# SNOW SPREAD HELP



## razorrt5 (Jul 9, 2014)

Wanted to ask some avid Snow Goose hunters their opinion about adding some snows to my spread.

-Situation: will be traveling to NoDak a few times through October. primary focus is field hunting Mallards

- current spread consists of 3 dz ghg full body canadas, 1 dz full body mallards, 3 mojos.

Would it be worth the investment to get 5-6 dz snow socks to add to my spread to attract any passing snows? or would it hurt my spread for attracting mallards?

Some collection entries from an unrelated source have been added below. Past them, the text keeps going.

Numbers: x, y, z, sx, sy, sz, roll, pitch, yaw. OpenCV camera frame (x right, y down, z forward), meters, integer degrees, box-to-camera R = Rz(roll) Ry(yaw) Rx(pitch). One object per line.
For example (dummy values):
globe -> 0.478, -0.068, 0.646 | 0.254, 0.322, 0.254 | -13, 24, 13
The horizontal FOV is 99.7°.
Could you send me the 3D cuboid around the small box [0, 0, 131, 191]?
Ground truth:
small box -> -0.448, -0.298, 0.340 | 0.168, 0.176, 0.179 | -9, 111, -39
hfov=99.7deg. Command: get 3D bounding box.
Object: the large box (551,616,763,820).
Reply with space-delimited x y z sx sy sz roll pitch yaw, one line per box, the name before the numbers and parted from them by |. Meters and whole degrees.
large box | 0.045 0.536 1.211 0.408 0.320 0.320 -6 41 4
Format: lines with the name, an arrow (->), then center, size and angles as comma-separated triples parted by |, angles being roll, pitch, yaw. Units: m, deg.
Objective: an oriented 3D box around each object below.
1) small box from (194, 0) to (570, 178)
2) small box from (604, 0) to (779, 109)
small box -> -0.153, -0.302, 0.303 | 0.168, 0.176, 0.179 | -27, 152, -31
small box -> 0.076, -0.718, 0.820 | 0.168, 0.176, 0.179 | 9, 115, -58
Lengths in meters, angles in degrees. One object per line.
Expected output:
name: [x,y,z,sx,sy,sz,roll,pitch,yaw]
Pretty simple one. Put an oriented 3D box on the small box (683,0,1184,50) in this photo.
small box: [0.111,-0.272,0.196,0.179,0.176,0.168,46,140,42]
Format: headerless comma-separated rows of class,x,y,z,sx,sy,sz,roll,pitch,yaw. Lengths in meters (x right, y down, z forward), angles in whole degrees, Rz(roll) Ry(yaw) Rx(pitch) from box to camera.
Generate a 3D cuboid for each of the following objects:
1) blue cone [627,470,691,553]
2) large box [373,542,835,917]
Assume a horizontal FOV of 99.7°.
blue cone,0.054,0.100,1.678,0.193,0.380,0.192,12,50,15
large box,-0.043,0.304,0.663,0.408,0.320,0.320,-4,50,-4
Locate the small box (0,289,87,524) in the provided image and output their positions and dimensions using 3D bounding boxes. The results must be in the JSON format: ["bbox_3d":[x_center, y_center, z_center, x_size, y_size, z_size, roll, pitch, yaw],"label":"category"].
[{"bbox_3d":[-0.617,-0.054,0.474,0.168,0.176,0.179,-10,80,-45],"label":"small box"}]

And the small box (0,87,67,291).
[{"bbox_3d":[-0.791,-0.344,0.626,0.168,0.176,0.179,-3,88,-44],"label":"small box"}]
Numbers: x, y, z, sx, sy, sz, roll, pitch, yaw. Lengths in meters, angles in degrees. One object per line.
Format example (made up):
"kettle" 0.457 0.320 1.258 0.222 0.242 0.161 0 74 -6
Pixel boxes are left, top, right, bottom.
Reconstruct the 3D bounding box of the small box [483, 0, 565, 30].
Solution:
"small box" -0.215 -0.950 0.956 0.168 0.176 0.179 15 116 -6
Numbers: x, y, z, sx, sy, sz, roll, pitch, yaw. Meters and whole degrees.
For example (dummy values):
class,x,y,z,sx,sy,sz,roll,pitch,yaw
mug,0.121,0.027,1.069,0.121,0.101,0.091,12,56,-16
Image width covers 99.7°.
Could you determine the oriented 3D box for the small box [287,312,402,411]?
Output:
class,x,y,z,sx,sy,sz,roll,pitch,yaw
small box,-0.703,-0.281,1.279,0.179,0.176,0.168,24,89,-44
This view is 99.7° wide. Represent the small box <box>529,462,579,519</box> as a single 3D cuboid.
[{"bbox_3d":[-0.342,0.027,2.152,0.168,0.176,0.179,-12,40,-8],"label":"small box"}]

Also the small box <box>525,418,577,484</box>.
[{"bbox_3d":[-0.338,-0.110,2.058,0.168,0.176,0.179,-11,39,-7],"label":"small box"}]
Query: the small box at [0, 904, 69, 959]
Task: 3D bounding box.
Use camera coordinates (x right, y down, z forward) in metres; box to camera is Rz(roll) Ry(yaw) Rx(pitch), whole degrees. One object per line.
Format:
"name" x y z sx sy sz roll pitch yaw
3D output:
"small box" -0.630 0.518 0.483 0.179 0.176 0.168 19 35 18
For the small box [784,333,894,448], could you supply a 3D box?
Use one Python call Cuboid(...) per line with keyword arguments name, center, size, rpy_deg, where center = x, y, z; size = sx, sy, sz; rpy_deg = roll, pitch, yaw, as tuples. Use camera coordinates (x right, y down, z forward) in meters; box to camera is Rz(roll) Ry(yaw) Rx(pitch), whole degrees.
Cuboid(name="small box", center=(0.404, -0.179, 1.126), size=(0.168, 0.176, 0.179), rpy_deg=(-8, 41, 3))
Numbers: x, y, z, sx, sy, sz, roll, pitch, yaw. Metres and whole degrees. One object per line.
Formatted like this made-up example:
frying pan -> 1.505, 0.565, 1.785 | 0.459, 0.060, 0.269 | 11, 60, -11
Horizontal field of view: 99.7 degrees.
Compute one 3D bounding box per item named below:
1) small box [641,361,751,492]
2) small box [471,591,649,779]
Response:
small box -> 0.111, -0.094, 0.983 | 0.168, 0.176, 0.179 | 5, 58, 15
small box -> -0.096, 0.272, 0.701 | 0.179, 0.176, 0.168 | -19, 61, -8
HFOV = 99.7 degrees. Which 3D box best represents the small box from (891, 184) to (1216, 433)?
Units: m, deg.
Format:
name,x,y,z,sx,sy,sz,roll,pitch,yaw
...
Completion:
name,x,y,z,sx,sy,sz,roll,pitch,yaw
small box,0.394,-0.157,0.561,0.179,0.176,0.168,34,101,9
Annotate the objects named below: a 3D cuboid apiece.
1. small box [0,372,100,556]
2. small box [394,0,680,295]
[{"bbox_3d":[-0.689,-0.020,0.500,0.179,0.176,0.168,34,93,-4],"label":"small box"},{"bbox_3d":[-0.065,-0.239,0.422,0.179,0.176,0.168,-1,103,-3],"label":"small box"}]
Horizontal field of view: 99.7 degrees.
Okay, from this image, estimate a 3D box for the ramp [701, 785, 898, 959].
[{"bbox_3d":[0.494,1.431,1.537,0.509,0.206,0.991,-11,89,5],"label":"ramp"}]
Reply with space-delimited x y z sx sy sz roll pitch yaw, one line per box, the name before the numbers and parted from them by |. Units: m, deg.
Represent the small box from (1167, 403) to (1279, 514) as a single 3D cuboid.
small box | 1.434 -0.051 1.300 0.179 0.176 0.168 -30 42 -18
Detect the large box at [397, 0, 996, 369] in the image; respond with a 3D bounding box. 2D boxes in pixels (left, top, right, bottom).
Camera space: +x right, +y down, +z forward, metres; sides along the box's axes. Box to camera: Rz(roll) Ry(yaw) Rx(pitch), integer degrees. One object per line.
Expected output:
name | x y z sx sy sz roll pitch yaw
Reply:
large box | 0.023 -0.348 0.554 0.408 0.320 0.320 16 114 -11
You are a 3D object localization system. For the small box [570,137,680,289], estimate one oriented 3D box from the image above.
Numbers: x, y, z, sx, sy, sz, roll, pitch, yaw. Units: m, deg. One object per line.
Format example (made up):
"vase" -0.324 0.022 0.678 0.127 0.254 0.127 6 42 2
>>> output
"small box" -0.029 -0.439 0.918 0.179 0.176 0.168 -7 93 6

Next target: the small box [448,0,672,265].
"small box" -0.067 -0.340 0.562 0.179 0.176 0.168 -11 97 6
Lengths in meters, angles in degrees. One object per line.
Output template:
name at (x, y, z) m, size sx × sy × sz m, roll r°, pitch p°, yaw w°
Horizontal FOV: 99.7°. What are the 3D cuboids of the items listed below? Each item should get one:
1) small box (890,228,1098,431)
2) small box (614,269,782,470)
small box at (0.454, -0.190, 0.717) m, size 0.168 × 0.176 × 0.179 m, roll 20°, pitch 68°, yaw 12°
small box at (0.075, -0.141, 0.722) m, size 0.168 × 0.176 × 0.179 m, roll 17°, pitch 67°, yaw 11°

any comments would be appreciated


----------



## Socal Waterfowler (Jan 18, 2012)

In most cases Ducks don't mind the Whites, if your targeting Honkers than the big one's will peal off while the squeakers don't seem to mind them. Just my experience.


----------



## fieldgeneral (Feb 12, 2013)

Snows are pretty thin in ND in October. FYI. Maybe the far northern tier of the state might be taking on some huntable numbers come late October.


----------



## razorrt5 (Jul 9, 2014)

Thanks guys, the advise I needed. I do want to get into hunting snows more (live in MN, 2.5hr drive to sd/nd, and I'm from MD who get about 1 million wintering snows) just didn't know if it made sense to add them for mallard/canada hunting or create a spread just for snows. also I won't be going that far north, I'm gonna stay south of devils lake.


----------



## GoSnow (Feb 20, 2011)

fieldgeneral said:


> Snows are pretty thin in ND in October. FYI. Maybe the far northern tier of the state might be taking on some huntable numbers come late October.


What about Jamestown area for early to mid Nov. for the snows??


----------



## razorrt5 (Jul 9, 2014)

after checking it out I believe I'm going to come on October and again in November to get on some snows and what ever else drops into the spread. I didn't invest in a snow spread so anyone willing to have a guy or two join in on a hunt I would really appreciate it, I've never hunted snows out here, only out east.


----------